Las políticas discriminatorias institucionales se pueden observar en las organizaciones corporativas que no promueven a las mujeres a posiciones jerárquicas estableciendo el llamado techo de cristal para impedir sus ascensos. También se observa hacia los empleados mayores de 40 años por considerar que su vida útil ha llegado a su fin por lo cual se los despiden o se cancela su promoción. También la discriminación se suele percibir hacia las mujeres que se embarazan; hacia los empleados que no tienen títulos profesionales de Universidades prestigiosas; y hacia los que manifiestan públicamente un pensamiento ideológico contrario a los directivos.
Los extranjeros ocupan un lugar especial en las políticas discriminatorias institucionales dentro de las empresas ya que son los que más la sufren. La discriminación hacia los extranjeros –en especial con otra cultura, color de tez o religión– se manifiesta en ofrecimiento de empleos de menor jerarquía y que normalmente los nacionales no quieren realizar porque demandan más trabajo y bajos salarios. Lo habitual es que a los extranjeros no se le reconozcan ciertos derechos que tienen los nacionales, se les exija mayores obligaciones, se le paguen salarios inferiores y les pongan trabas para legalizar su relación laboral.
Un gestor de empresa debe ser respetuoso de los derechos humanos, sindicales y sociales que corresponden a sus empleados. No puede guiar la selección del personal, contratar colaboradores o promocionar a sus empleados bajo parámetros vinculados con la raza, el credo o la condición social. Una organización empresarial sólo debe tener como norte la eficiencia y el mérito de sus empleados para integrarlos y promoverlos. Lo relevante es la capacidad e idoneidad que tenga la gente para cumplir eficientemente sus actividades. De ninguna manera un empleado puede ser valorado o descalificado por su color de piel o nacionalidad.
Los directivos de una empresa deben contratar a sus empleados de acuerdo a la capacidad profesional y los deben promover de acuerdo al compromiso con sus actividades. Debe reconocer el mérito de aquellos que se esfuerzan y realizan aportes para el crecimiento de la empresa. Ese reconocimiento es el patrón que deben seguir para ascender o dar bonificaciones a sus empleados, sin que esto implique acto discriminatorio hacia aquellos que no tienen méritos ni se esfuerzan como sostienen muchos sindicalistas e intelectuales.
La meritocracia considera que todas las personas son iguales ante la ley y deben ser tratadas como iguales con respecto a sus derechos y obligaciones.
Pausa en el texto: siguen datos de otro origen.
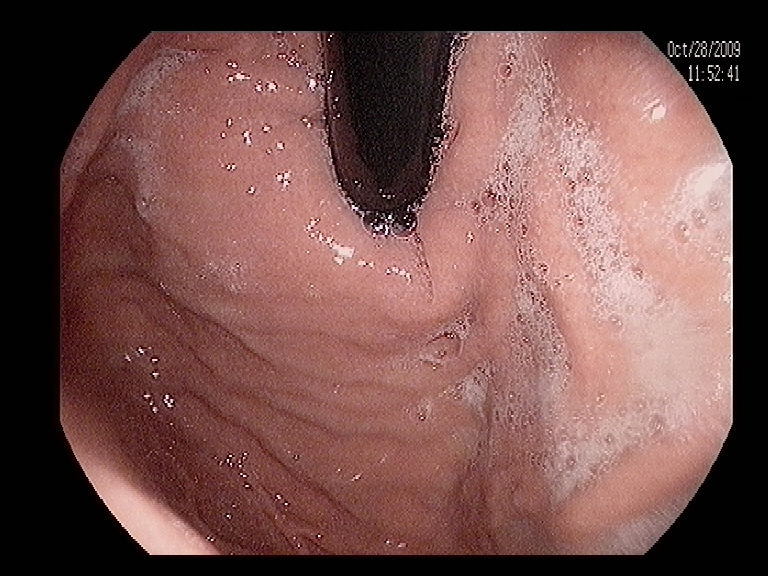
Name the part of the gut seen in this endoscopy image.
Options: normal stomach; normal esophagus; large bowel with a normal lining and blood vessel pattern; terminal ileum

normal stomach
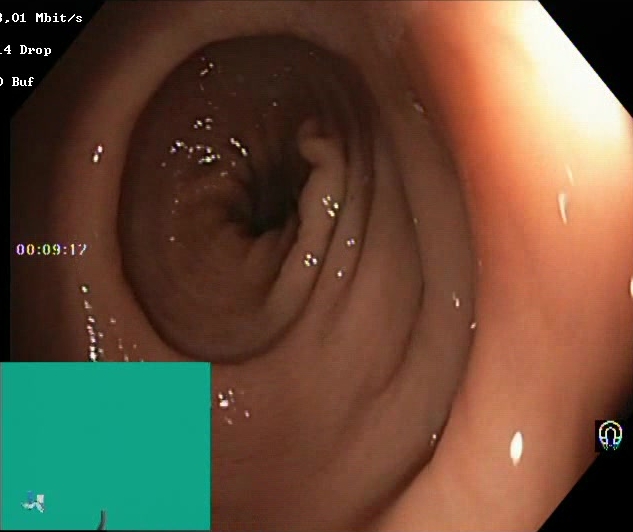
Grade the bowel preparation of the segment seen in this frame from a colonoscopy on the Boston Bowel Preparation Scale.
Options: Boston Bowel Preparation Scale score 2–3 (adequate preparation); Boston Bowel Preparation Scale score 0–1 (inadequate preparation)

Boston Bowel Preparation Scale score 2–3 (adequate preparation)
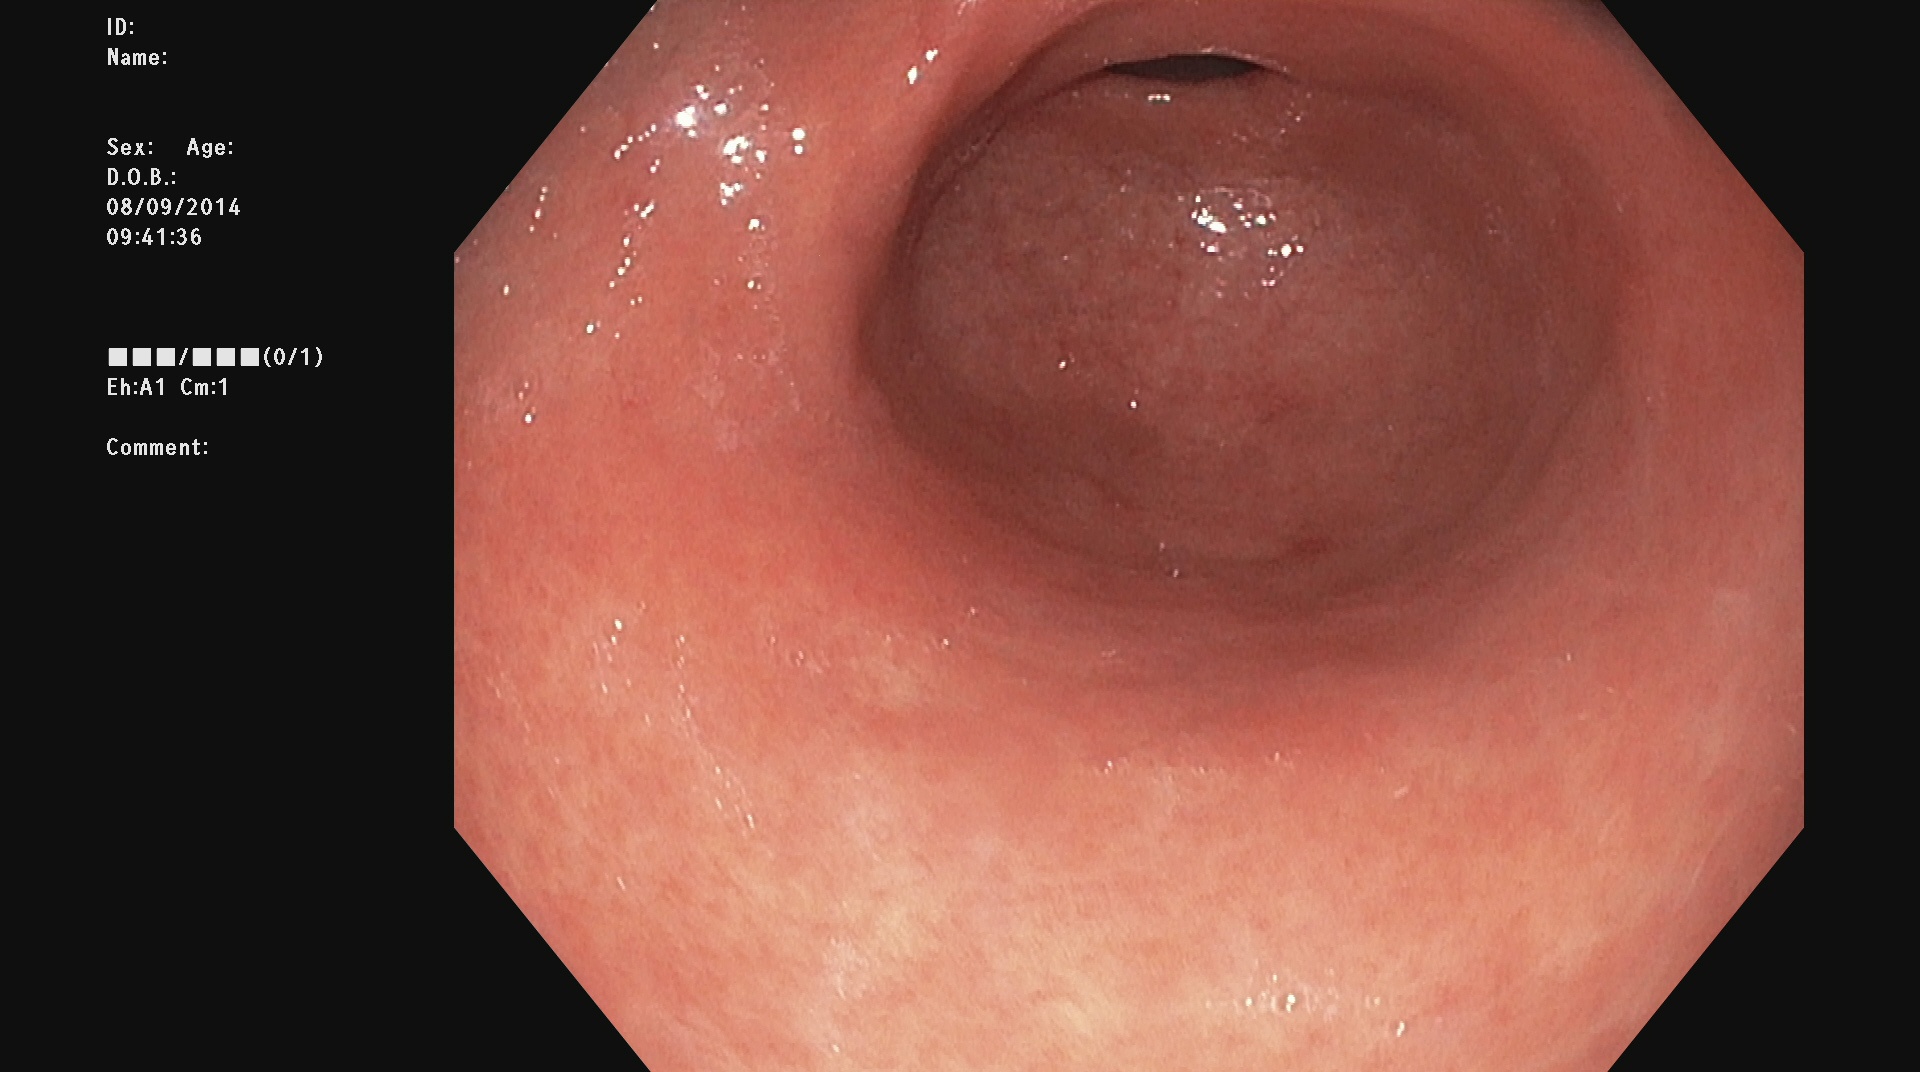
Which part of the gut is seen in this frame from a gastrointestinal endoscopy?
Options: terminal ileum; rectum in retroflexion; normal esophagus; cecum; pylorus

pylorus
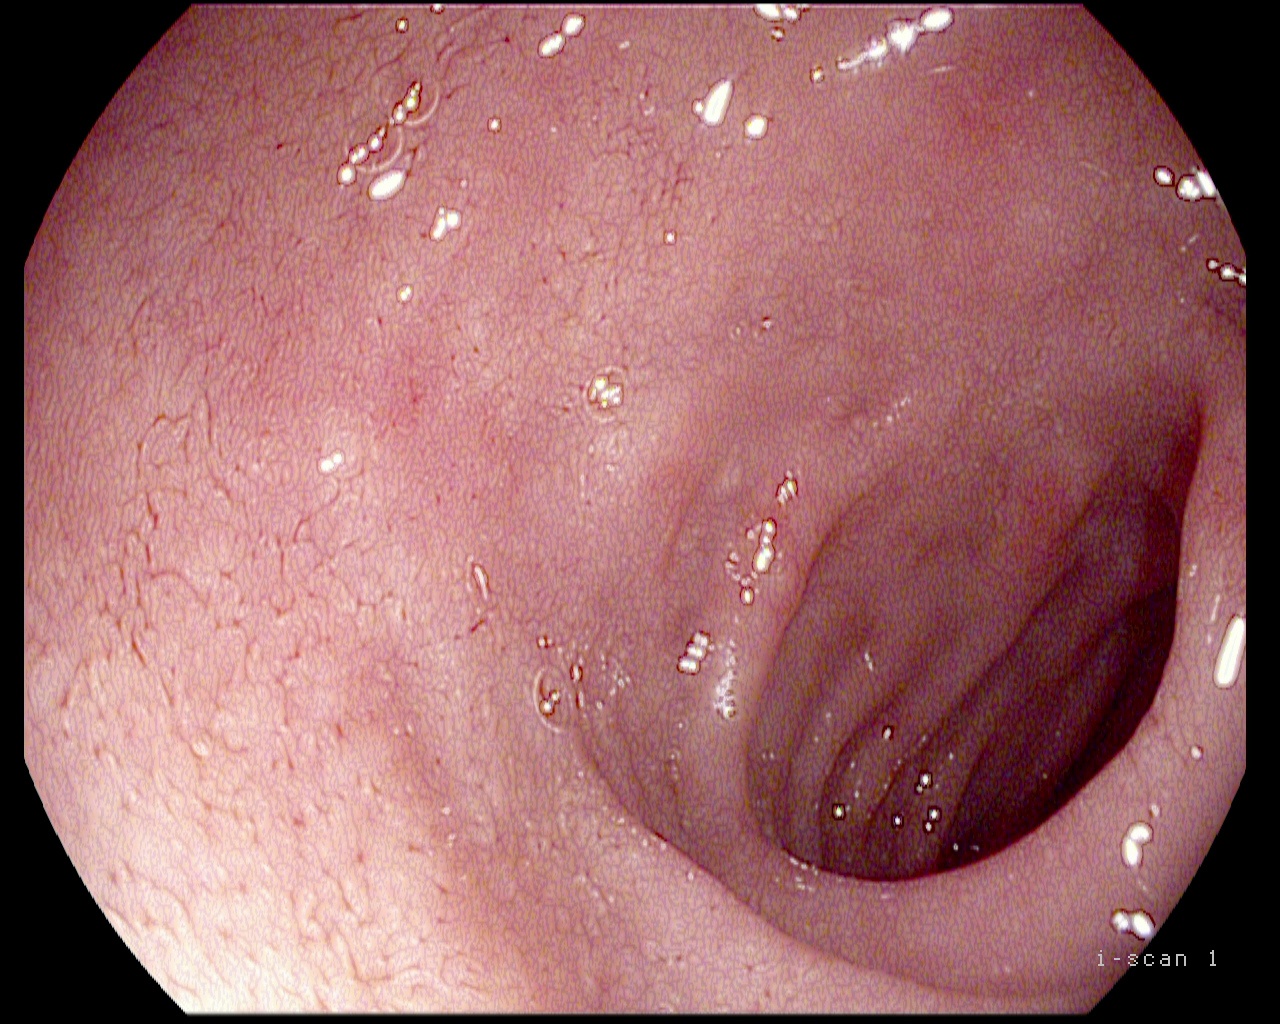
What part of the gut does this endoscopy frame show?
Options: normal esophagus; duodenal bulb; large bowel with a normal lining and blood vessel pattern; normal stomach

duodenal bulb
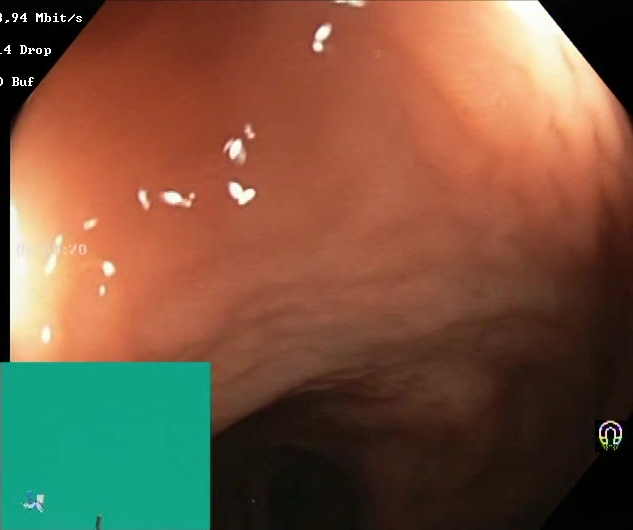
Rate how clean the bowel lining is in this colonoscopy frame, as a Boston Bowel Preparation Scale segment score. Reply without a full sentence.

Boston Bowel Preparation Scale score 2–3 (adequate preparation)
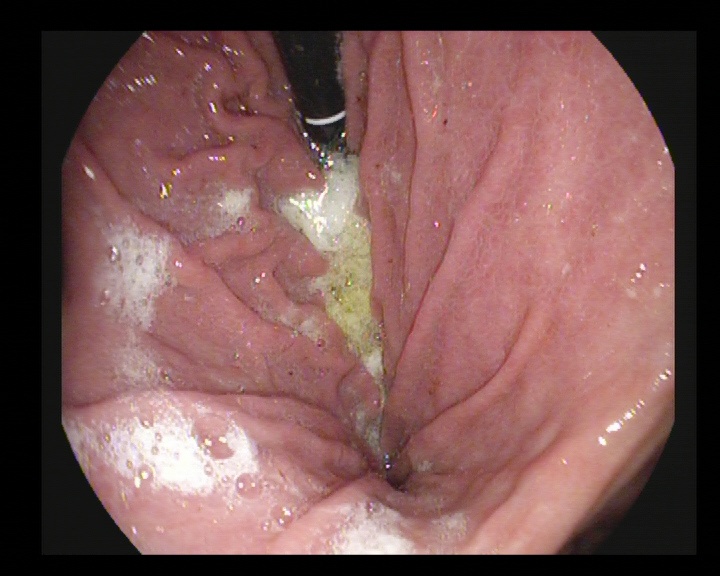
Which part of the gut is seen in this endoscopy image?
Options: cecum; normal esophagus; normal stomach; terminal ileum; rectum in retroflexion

normal stomach
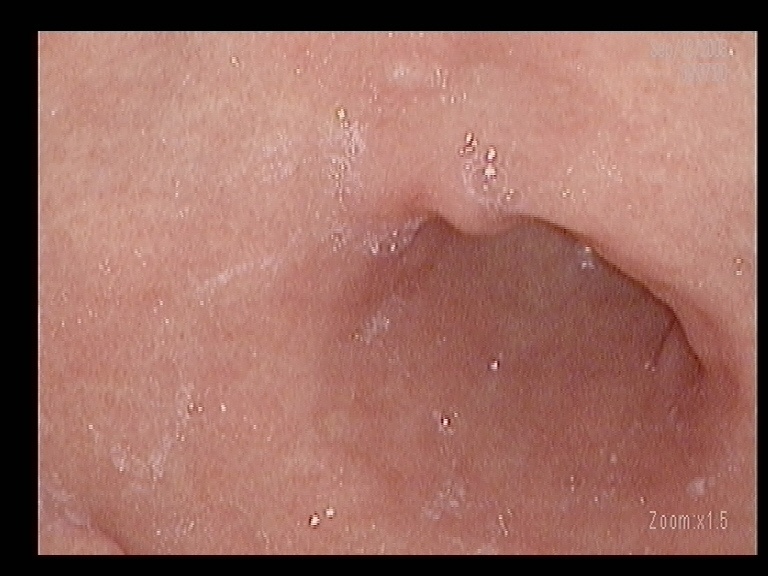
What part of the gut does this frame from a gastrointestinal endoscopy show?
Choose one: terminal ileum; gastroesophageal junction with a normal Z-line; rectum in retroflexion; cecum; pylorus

terminal ileum
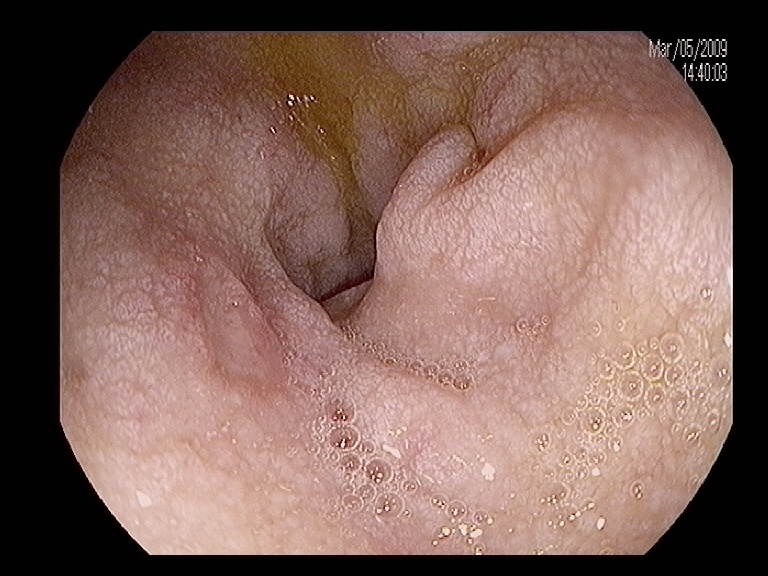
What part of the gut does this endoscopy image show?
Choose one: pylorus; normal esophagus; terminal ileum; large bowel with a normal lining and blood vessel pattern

Además, sostiene que todos deben tener iguales oportunidades para acceder a un puesto de trabajo, ascender o emprender una actividad económica. Sin embargo, la meritocracia también reconoce que algunas personas se esfuerzan en superarse en lo personal y en lo laboral generando mejores resultados que los que no tienen voluntad de superación.
La meritocracia no sólo estimula el reconocimiento al mérito sino que sostiene que debe ser premiado para que sea un estímulo de superación para quien se esfuerza. Este reconocimiento no es considerado como un acto discriminatorio hacia quienes no hacen nada, no se esfuerzan, no producen, no trabajan ni colaboran con el crecimiento de la empresa.
Reconocer y premiar al mérito no es discriminatorio. El reconocimiento al talento, al esfuerzo, la creatividad o la voluntad de superación no es un acto discriminatorio con respecto a los que no se esfuerzan. El reconocimiento al mérito no está sustentado en condición social, física, ideológica o religiosa. El mérito no tiene raza, sexo o edad. El reconocimiento al mérito permite el progreso y la superación de las personas mientras que la discriminación cancela toda posibilidad de superación y progreso.